Wednesday, March 31, 2021

Vegetable Broth & Tomato Rice Loaf Recipe




Hello, friends.  I pulled all the veggie bags for broth from the freezers last evening, and put them on the woodstove to defrost and simmer last night.  After simmering the pots of broth a bit more this morning, I strained and canned it.  There are 16 pints cooling, to add to the pantry shelf.  Yesterday, I thinned the carrots a bit more.  J and I enjoyed them with hummus, and the tops started a new veggie broth bag.    While weeding an herb bed, quite a few wild onions were pulled.  I've also seen them called wild garlic, so maybe I should just say wild alliums.  Whenever I pull them up with the bulb intact, I clean them up, chop off all but the tender portion of stem, and add them to the broth bag.  Though I've used them in a pinch when out of onions or garlic, they are a bit of work, due to the layers of skin, so I prefer to use them this way.  It's easy, and still makes use of them.  We garden organically here, so there are no worries about chemicals.  If you'd like to harvest some, I'd recommend making sure there have been no chemicals sprayed in the area.

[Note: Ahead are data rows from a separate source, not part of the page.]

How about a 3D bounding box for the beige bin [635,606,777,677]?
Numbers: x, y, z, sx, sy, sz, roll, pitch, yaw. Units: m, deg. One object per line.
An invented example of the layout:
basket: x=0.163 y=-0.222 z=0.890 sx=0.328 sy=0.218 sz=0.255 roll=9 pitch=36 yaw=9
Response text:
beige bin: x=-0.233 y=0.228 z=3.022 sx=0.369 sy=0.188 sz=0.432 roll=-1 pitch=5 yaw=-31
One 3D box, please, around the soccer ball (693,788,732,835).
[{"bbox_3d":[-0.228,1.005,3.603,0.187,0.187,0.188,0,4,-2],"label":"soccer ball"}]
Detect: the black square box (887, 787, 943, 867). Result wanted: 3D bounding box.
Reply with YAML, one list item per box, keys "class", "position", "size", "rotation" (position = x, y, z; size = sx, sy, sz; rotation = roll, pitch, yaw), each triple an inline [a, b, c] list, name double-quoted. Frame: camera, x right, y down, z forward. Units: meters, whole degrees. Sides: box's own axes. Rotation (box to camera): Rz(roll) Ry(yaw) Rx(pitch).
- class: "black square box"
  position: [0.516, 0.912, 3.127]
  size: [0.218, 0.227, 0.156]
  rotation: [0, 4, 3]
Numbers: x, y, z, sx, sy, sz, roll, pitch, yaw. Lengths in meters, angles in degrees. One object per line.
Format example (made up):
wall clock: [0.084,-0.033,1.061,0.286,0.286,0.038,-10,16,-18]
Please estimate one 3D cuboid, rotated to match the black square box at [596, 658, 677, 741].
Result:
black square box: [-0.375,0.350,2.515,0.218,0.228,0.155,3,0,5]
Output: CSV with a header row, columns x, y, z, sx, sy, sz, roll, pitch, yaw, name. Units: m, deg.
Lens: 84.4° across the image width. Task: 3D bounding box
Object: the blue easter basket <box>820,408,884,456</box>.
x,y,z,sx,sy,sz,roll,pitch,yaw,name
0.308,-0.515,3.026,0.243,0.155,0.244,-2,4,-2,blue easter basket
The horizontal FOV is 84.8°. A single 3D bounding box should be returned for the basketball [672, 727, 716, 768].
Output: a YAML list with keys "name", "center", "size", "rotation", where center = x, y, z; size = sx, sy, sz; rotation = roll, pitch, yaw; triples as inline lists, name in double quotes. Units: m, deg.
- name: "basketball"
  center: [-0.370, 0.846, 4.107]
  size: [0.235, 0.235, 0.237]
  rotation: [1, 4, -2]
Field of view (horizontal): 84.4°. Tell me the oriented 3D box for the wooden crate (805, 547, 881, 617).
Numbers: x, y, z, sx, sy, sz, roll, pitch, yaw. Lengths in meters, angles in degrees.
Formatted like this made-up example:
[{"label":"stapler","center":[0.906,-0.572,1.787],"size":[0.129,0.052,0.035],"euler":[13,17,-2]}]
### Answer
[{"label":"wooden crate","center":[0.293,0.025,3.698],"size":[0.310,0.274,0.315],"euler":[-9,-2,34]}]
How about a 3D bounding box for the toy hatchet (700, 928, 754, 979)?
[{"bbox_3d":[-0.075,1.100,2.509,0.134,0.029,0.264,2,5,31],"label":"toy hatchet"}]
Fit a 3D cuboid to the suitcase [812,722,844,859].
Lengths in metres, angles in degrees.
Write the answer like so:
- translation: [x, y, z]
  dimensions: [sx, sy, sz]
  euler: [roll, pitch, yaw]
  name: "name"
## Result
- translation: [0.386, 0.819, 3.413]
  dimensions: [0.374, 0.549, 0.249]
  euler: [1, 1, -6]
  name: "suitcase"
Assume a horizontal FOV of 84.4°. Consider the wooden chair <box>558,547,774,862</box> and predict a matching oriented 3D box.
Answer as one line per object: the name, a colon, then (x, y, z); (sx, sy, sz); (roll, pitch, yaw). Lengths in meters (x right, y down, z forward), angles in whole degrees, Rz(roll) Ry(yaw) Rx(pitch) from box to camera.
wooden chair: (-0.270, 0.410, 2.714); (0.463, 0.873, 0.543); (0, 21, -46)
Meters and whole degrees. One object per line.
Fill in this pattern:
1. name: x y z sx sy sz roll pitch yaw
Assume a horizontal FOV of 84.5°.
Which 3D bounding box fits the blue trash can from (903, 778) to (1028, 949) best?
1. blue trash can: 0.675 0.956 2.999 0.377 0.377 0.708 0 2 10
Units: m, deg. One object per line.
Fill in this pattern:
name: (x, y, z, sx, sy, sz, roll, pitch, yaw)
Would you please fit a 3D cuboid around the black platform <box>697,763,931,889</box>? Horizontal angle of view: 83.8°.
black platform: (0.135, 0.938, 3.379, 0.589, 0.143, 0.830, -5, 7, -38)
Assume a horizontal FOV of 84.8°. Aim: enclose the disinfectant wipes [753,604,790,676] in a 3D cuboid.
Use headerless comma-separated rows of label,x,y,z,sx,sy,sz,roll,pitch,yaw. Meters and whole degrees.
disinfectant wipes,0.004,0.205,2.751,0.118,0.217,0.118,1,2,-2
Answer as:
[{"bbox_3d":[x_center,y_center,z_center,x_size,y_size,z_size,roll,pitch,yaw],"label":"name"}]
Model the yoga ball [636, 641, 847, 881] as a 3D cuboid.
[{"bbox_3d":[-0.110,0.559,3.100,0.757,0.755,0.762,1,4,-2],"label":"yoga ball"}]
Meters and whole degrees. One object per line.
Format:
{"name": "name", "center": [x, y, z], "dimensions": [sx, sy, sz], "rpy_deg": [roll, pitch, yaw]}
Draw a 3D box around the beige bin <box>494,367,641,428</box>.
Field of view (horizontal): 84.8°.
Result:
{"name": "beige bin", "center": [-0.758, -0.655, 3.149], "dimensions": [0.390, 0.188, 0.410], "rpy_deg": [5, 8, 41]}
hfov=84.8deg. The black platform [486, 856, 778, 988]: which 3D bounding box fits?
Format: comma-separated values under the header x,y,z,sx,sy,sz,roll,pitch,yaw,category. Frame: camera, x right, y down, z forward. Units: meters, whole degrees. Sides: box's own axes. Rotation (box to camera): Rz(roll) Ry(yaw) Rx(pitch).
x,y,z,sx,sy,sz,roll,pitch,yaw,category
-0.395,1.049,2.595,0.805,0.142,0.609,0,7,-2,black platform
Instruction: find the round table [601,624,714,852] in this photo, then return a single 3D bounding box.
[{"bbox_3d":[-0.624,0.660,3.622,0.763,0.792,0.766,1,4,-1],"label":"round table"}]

I was asked to share the Tomato Rice Loaf recipe, and thought I'd do so in a post, so I can find the recipe here in the future.  I'm not sure where I originally copied this recipe from, but I've been making it for many years.  I've tried adding various herbs at different times, and feel free to do so yourself.  It's not an exciting recipe, but we think it's good, and uses ingredients we have on hand.  


Tomato Rice Loaf

1 medium tomato, chopped                                     1 tbs oil

1 stalk celery, chopped                                            1 tsp garlic powder

2 cups rice, cooked                                                  2 tsp onion powder

1/2 cup bread crumbs                                               Oil for loaf pan

1 cup milk


Preheat oven to 350.  In large pan, saute tomatoes & celery.  Add onion and garlic powder, rice, bread crumbs and milk to pan.  Salt to taste.  Mix well and spoon into a well-oiled loaf pan.  Bake for 1/2 hour.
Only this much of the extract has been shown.